Prefeito deve responder a queixa-crime por difamação e injúria

Por unanimidade, a Turma de Câmaras Criminais Reunidas do Tribunal de Justiça de Mato Grosso recebeu a queixa-crime apresentada contra o prefeito do município de Canarana,

 
 Por unanimidade, a Turma de Câmaras Criminais Reunidas do Tribunal de Justiça de Mato Grosso recebeu a queixa-crime apresentada contra o prefeito do município de Canarana, Walter Lopes Faria, e autorizou a instauração de ação penal para investigar suposto delito de difamação e injúria cometido pelo gestor. Na análise da Representação Criminal (128676/2008), o colegiado concluiu pela viabilidade da acusação, pois há nos autos indícios suficientes da autoria e prova segura da materialidade, com possibilidade de prosperar a imputação do crime. Nesta fase processual, decide-se somente se a acusação é admissível e tem condições legais de prosseguir.
 
Os autos do processo relatam que em outubro de 2008 o prefeito, ao conceder entrevista a uma rádio local, teria ofendido o ex-secretário de obras do município, Sadi Antônio Turra, dizendo que este último foi expulso da prefeitura por ser “cheio de rolo”. Por esse motivo, o autor da ação alegou ter sido vítima de ataques a sua honra, decoro e prestígio perante a sociedade.

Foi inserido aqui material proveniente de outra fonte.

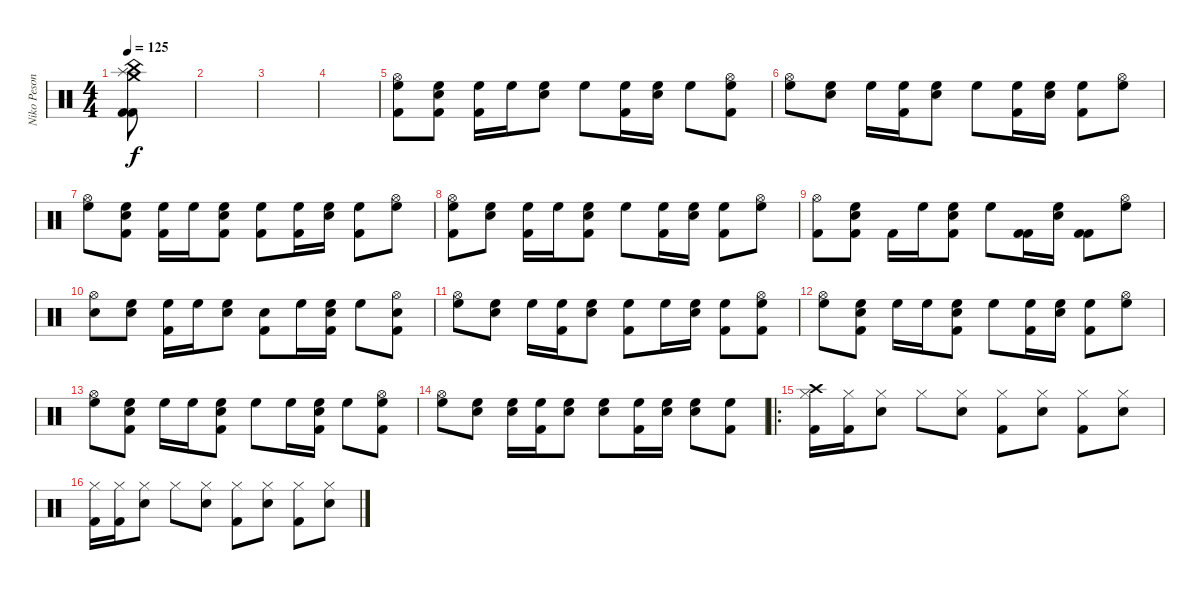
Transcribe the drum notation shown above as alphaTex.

\track ("Niko Pesonen" "Niko Peson") {instrument percussion}
\staff {score}
\articulation defaults
\ts (4 4)
\tempo 125
\clef neutral
\ks c
("Crash medium (hit)" "Splash (hit)" "China (hit)" "Kick (hit) 2" "Kick (hit) 2").8{dy f} |
|
|
|
("Hi-Hat (open)" "High Floor Tom (hit)" "Kick (hit) 2").8 ("Snare (hit) 2" "High Floor Tom (hit)" "Kick (hit) 2").8 ("High Floor Tom (hit)" "Kick (hit) 2").16 "High Floor Tom (hit)".16 ("Snare (hit) 2" "High Floor Tom (hit)").8 "High Floor Tom (hit)".8 ("High Floor Tom (hit)" "Kick (hit) 2").16 ("Snare (hit) 2" "High Floor Tom (hit)").16 "High Floor Tom (hit)".8 ("Hi-Hat (open)" "High Floor Tom (hit)" "Kick (hit) 2").8 |
("Hi-Hat (open)" "High Floor Tom (hit)").8 ("Snare (hit) 2" "High Floor Tom (hit)").8 "High Floor Tom (hit)".16 ("High Floor Tom (hit)" "Kick (hit) 2").16 ("Snare (hit) 2" "High Floor Tom (hit)").8 "High Floor Tom (hit)".8 ("High Floor Tom (hit)" "Kick (hit) 2").16 ("Snare (hit) 2" "High Floor Tom (hit)").16 ("High Floor Tom (hit)" "Kick (hit) 2").8 ("Hi-Hat (open)" "High Floor Tom (hit)").8 |
("Hi-Hat (open)" "High Floor Tom (hit)").8 ("Snare (hit) 2" "High Floor Tom (hit)" "Kick (hit) 2").8 ("High Floor Tom (hit)" "Kick (hit) 2").16 "High Floor Tom (hit)".16 ("Snare (hit) 2" "High Floor Tom (hit)" "Kick (hit) 2").8 ("High Floor Tom (hit)" "Kick (hit) 2").8 ("High Floor Tom (hit)" "Kick (hit) 2").16 ("Snare (hit) 2" "High Floor Tom (hit)").16 ("High Floor Tom (hit)" "Kick (hit) 2").8 ("Hi-Hat (open)" "High Floor Tom (hit)").8 |
("Hi-Hat (open)" "High Floor Tom (hit)" "Kick (hit) 2").8 ("Snare (hit) 2" "High Floor Tom (hit)").8 ("High Floor Tom (hit)" "Kick (hit) 2").16 "High Floor Tom (hit)".16 ("Snare (hit) 2" "High Floor Tom (hit)" "Kick (hit) 2").8 "High Floor Tom (hit)".8 ("High Floor Tom (hit)" "Kick (hit) 2").16 ("Snare (hit) 2" "High Floor Tom (hit)").16 ("High Floor Tom (hit)" "Kick (hit) 2").8 ("Hi-Hat (open)" "High Floor Tom (hit)").8 |
("Hi-Hat (open)" "Kick (hit) 2").8 ("Snare (hit) 2" "High Floor Tom (hit)" "Kick (hit) 2").8 "Kick (hit) 2".16 "High Floor Tom (hit)".16 ("Snare (hit) 2" "High Floor Tom (hit)" "Kick (hit) 2").8 "High Floor Tom (hit)".8 ("Kick (hit) 2" "Kick (hit) 2").16 ("Snare (hit) 2" "High Floor Tom (hit)").16 ("Kick (hit) 2" "Kick (hit) 2").8 ("Hi-Hat (open)" "High Floor Tom (hit)").8 |
("Hi-Hat (open)" "Snare (hit) 2").8 ("Snare (hit) 2" "High Floor Tom (hit)").8 ("High Floor Tom (hit)" "Kick (hit) 2").16 "High Floor Tom (hit)".16 ("Snare (hit) 2" "High Floor Tom (hit)").8 ("Snare (hit) 2" "Kick (hit) 2").8 "High Floor Tom (hit)".16 ("Snare (hit) 2" "High Floor Tom (hit)" "Kick (hit) 2").16 "High Floor Tom (hit)".8 ("Hi-Hat (open)" "Snare (hit) 2" "Kick (hit) 2").8 |
("Hi-Hat (open)" "High Floor Tom (hit)").8 ("Snare (hit) 2" "High Floor Tom (hit)").8 "High Floor Tom (hit)".16 ("High Floor Tom (hit)" "Kick (hit) 2").16 ("Snare (hit) 2" "High Floor Tom (hit)").8 ("High Floor Tom (hit)" "Kick (hit) 2").8 "High Floor Tom (hit)".16 ("Snare (hit) 2" "High Floor Tom (hit)").16 ("High Floor Tom (hit)" "Kick (hit) 2").8 ("Hi-Hat (open)" "High Floor Tom (hit)" "Kick (hit) 2").8 |
("Hi-Hat (open)" "High Floor Tom (hit)").8 ("Snare (hit) 2" "High Floor Tom (hit)" "Kick (hit) 2").8 "High Floor Tom (hit)".16 "High Floor Tom (hit)".16 ("Snare (hit) 2" "High Floor Tom (hit)" "Kick (hit) 2").8 "High Floor Tom (hit)".8 ("High Floor Tom (hit)" "Kick (hit) 2").16 ("Snare (hit) 2" "High Floor Tom (hit)").16 ("High Floor Tom (hit)" "Kick (hit) 2").8 ("Hi-Hat (open)" "High Floor Tom (hit)").8 |
("Hi-Hat (open)" "High Floor Tom (hit)").8 ("Snare (hit) 2" "High Floor Tom (hit)" "Kick (hit) 2").8 "High Floor Tom (hit)".16 "High Floor Tom (hit)".16 ("Snare (hit) 2" "High Floor Tom (hit)" "Kick (hit) 2").8 "High Floor Tom (hit)".8 "High Floor Tom (hit)".16 ("Snare (hit) 2" "High Floor Tom (hit)" "Kick (hit) 2").16 "High Floor Tom (hit)".8 ("Hi-Hat (open)" "High Floor Tom (hit)" "Kick (hit) 2").8 |
("Hi-Hat (open)" "High Floor Tom (hit)").8 ("Snare (hit) 2" "High Floor Tom (hit)").8 ("Snare (hit) 2" "High Floor Tom (hit)").16 ("High Floor Tom (hit)" "Kick (hit) 2").16 ("Snare (hit) 2" "High Floor Tom (hit)").8 ("Snare (hit) 2" "High Floor Tom (hit)").8 ("High Floor Tom (hit)" "Kick (hit) 2").16 ("Snare (hit) 2" "High Floor Tom (hit)").16 ("Snare (hit) 2" "High Floor Tom (hit)").8 ("High Floor Tom (hit)" "Kick (hit) 2").8 |
\ro
("Crash high (hit)" "Hi-Hat (closed)" "Kick (hit) 2").16 ("Hi-Hat (closed)" "Kick (hit) 2").16 ("Hi-Hat (closed)" "Snare (hit) 2").8 "Hi-Hat (closed)".8 ("Hi-Hat (closed)" "Snare (hit) 2").8 ("Hi-Hat (closed)" "Kick (hit) 2").8 ("Hi-Hat (closed)" "Snare (hit) 2").8 ("Hi-Hat (closed)" "Kick (hit) 2").8 ("Hi-Hat (closed)" "Snare (hit) 2").8 |
("Hi-Hat (closed)" "Kick (hit) 2").16 ("Hi-Hat (closed)" "Kick (hit) 2").16 ("Hi-Hat (closed)" "Snare (hit) 2").8 "Hi-Hat (closed)".8 ("Hi-Hat (closed)" "Snare (hit) 2").8 ("Hi-Hat (closed)" "Kick (hit) 2").8 ("Hi-Hat (closed)" "Snare (hit) 2").8 ("Hi-Hat (closed)" "Kick (hit) 2").8 ("Hi-Hat (closed)" "Snare (hit) 2").8

Em sua defesa, o prefeito argumentou que não foram proferidas quaisquer palavras que pudessem denegrir a imagem do ex-secretário, por ser pessoa pública, sujeita a críticas. O relator do recurso, desembargador Rui Ramos Ribeiro, observou que o delito de difamação visa a proteção da honra, a reputação do indivíduo, o conceito que a sociedade lhe atribui, já a injúria, também, visa a tutela da honra, porém de caráter subjetivo, que é a pretensão de respeito à dignidade humana.
 
No caso específico, o relator concluiu que a queixa-crime atendeu à formalidade processual, descrevendo perfeitamente a ocorrência de um fato típico, antijurídico e culpável, havendo indícios suficientes da autoria e prova segura da materialidade, o que torna a acusação viável. “As teses defensivas, de que não foram proferidas quaisquer palavras que pudessem denegrir a imagem do querelante, e que o mesmo seria pessoa pública, sujeita a críticas, pelo menos neste momento, não têm o condão de afastar de plano a imputação, eis que, em princípio, não forneceram a certeza absoluta, aquela capaz de autorizar a rejeição da queixa-crime neste momento”.
 
O voto do relator foi acompanhado pelos desembargadores Gerson Ferreira Paes (primeiro vogal); Teomar de Oliveira Correia (segundo vogal); José Jurandir de Lima (terceiro vogal); Paulo Inácio Dias Lessa (quarto vogal); a juíza convocada Graciema Ribeiro de Caravellas (quinta vogal); os juízes substitutos de Segundo Grau, Círio Miotto (sexto vogal), Carlos Roberto Pinheiro (sétimo vogal) e o juiz convocado Mario Roberto Kono de Oliveira (oitavo vogal).